SIMD/Uses/Conversion

< SIMD

In multimedia coding, converting data types is not uncommon. For instance, in JPEG and MPEG the reference DCT is operating on double precision intermediates, but the resulting coefficients are stored as integer values. Converting floating point values to integer types looks innocent enough written in C:

int i;
double d = 0.99;
i = (int) d;

The resulting value for i is 0, as casting in C will truncate any positions after the decimal point -- no rounding will occur. The same is true for JavaScript. (In JavaScript, the bitwise operators such as | will trigger an integer conversion.)

To get proper rounding, following approach is often employed:

if(d > 0) {
   i = (int) d + 0.5;
} else {
   i = (int) d - 0.5;
}

often written in a more compact fashion using a ternary operator:

i = (int) d > 0 ? (d + 0.5) : (d - 0.5);

This works, but is not particularly fast: For every value a conditional statement is executed, making the code very "branchy", which is generally disliked by pipelined processor designs. No matter what branch is taken, preceding the type conversion there's an additional arithmetic operation to apply the fitting offset.

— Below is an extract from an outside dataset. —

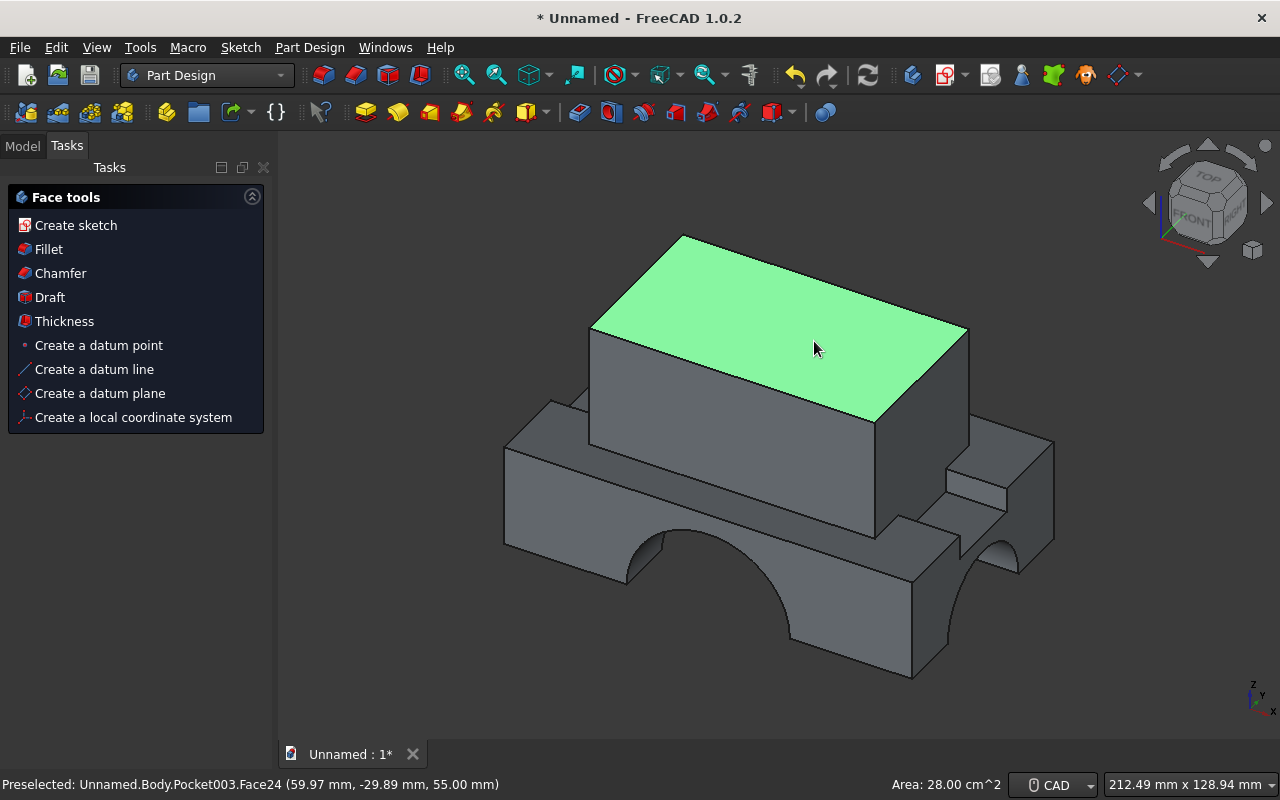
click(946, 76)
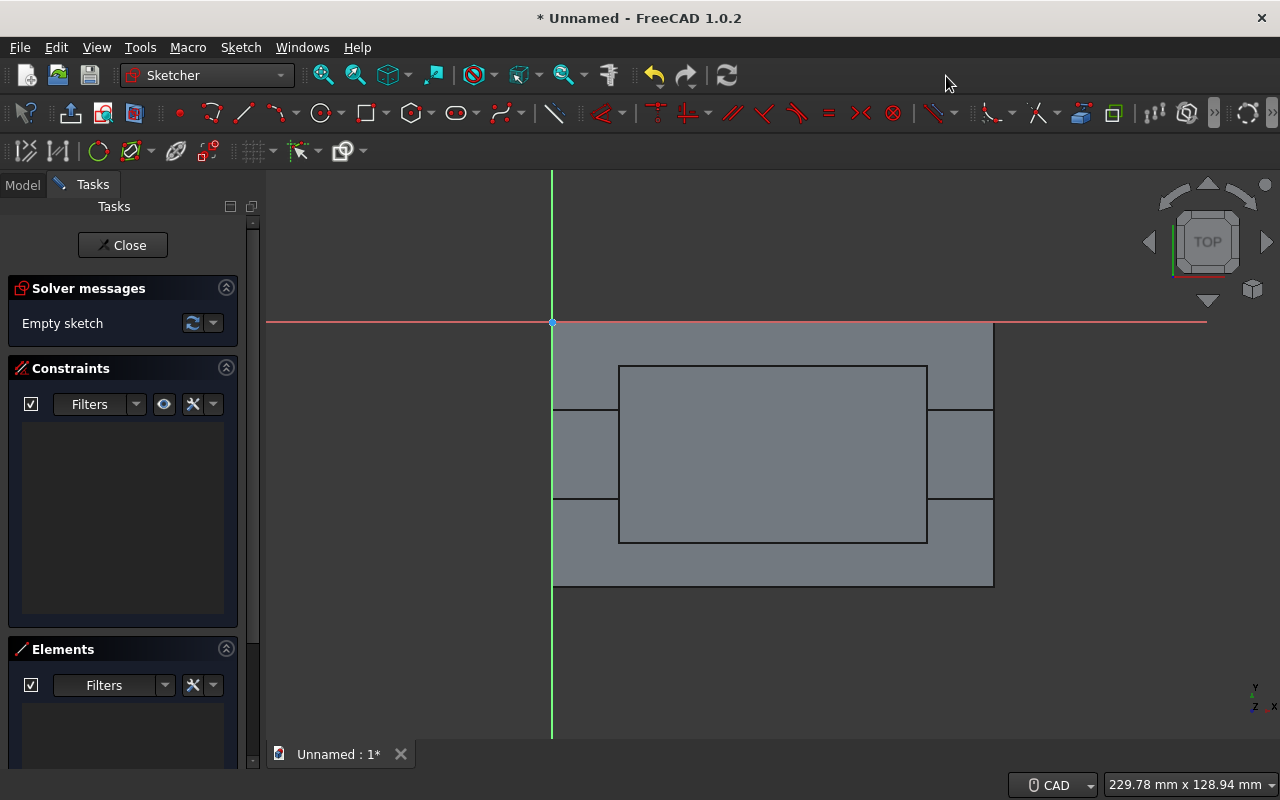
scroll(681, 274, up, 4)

SIMD instruction sets like SSE2 have specialized data conversion operations -- including, e.g., conversion of floating point values to integer values with rounding. In the case of SSE2, both scalar and vector values can be converted (i.e., a single value at a time or a vector of values). In the latter case, the conversion does not only avoid costly branches and additional arithmetic operations, but also gives several converted values with a single operation.

Example

From a public domain MPEG encoder (conversion of the DCT-output to integer values):

  for(sptr = sourcematrix,mptr=newmatrix;mptr<newmatrix+BLOCKSIZE;sptr++) {
#ifdef __SSE2__
      *(mptr++) = _mm_cvtsi128_si32(_mm_cvtpd_epi32(_mm_load1_pd(sptr)));
#else
      *(mptr++) = (int) (*sptr > 0 ? (*(sptr)+0.5):(*(sptr)-0.5));
#endif
  }

(mptr is defined as int *mptr, sptr as double *sptr).

If the code is compiled with SSE2 optimization enabled, SSE2 intrinsics are used to load a double value into a SSE2 register, convert the register contents to 32-bit integers, and extract one 32-bit integer that subsequently is written to memory. Although this code only converts one value at a time, the speed increase compared to the traditional conversion approach turns out to be significant.